Since 321941a8ebe25192cdeece723e1058f2f47809ea, when we lower a
foreign call, we unconditionally save the foreign call target to a
temporary local first, then rely on cmmSink to clean it up later,
which only happens with -fcmm-sink (implied by -O) and not in
unoptimized code.

And this is troublesome for the wasm backend NCG, which needs to infer
a foreign call target symbol's type signature from the Cmm call site.
Previously, the NCG has been emitting incorrect type signatures for
unoptimized code, which happens to work with `wasm-ld` most of the
time, but this is never future-proof against upstream toolchain
updates, and it causes horrible breakages when LTO objects are
included in linker input. Hence this patch.

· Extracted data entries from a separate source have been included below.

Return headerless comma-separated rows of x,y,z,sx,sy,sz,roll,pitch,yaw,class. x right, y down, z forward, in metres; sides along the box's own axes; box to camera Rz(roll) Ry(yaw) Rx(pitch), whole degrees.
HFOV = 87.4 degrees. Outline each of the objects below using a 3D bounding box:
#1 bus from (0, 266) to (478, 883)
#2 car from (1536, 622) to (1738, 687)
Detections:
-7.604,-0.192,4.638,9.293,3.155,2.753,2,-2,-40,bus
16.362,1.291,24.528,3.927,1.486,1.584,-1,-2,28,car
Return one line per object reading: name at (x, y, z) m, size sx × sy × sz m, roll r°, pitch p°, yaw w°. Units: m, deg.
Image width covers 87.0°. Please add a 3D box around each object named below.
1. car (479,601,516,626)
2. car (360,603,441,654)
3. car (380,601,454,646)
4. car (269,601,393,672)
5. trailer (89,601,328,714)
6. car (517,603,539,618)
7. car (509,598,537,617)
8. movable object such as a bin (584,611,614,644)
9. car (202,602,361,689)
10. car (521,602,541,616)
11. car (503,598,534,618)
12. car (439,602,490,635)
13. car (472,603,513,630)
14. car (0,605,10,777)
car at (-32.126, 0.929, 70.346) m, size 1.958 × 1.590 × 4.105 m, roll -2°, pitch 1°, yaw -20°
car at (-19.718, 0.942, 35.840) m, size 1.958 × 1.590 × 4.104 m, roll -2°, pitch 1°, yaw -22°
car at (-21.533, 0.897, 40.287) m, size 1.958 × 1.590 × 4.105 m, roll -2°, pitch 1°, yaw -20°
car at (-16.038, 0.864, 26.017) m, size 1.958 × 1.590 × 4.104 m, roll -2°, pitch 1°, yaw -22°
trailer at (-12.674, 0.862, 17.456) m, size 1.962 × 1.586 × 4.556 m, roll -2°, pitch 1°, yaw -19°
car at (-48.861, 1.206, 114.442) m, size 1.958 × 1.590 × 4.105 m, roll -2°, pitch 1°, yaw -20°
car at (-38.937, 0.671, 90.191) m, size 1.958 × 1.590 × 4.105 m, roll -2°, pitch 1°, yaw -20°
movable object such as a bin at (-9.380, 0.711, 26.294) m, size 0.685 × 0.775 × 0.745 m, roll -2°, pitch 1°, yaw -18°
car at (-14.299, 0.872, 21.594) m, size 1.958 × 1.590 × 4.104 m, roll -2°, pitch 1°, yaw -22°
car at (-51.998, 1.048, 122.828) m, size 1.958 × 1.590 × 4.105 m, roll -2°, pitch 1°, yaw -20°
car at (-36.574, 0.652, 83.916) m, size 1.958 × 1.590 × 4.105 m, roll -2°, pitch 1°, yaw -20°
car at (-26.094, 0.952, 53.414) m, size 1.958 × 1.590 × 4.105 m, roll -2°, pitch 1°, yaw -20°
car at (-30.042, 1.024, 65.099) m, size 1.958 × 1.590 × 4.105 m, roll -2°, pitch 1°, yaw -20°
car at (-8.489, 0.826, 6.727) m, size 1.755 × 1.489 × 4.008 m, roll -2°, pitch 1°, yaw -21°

(cherry picked from commit 8dd8a076058baca45ac52ace25b9c2797d61ef84)
(cherry picked from commit 2b2a3db8a92f4a39052b67b38af79c26117f3d53)
---
 compiler/GHC/Driver/Config/StgToCmm.hs |  3 +
 compiler/GHC/StgToCmm/Config.hs        |  2 +
 compiler/GHC/StgToCmm/Foreign.hs       | 76 +++++++++++++++++++++++---
 3 files changed, 73 insertions(+), 8 deletions(-)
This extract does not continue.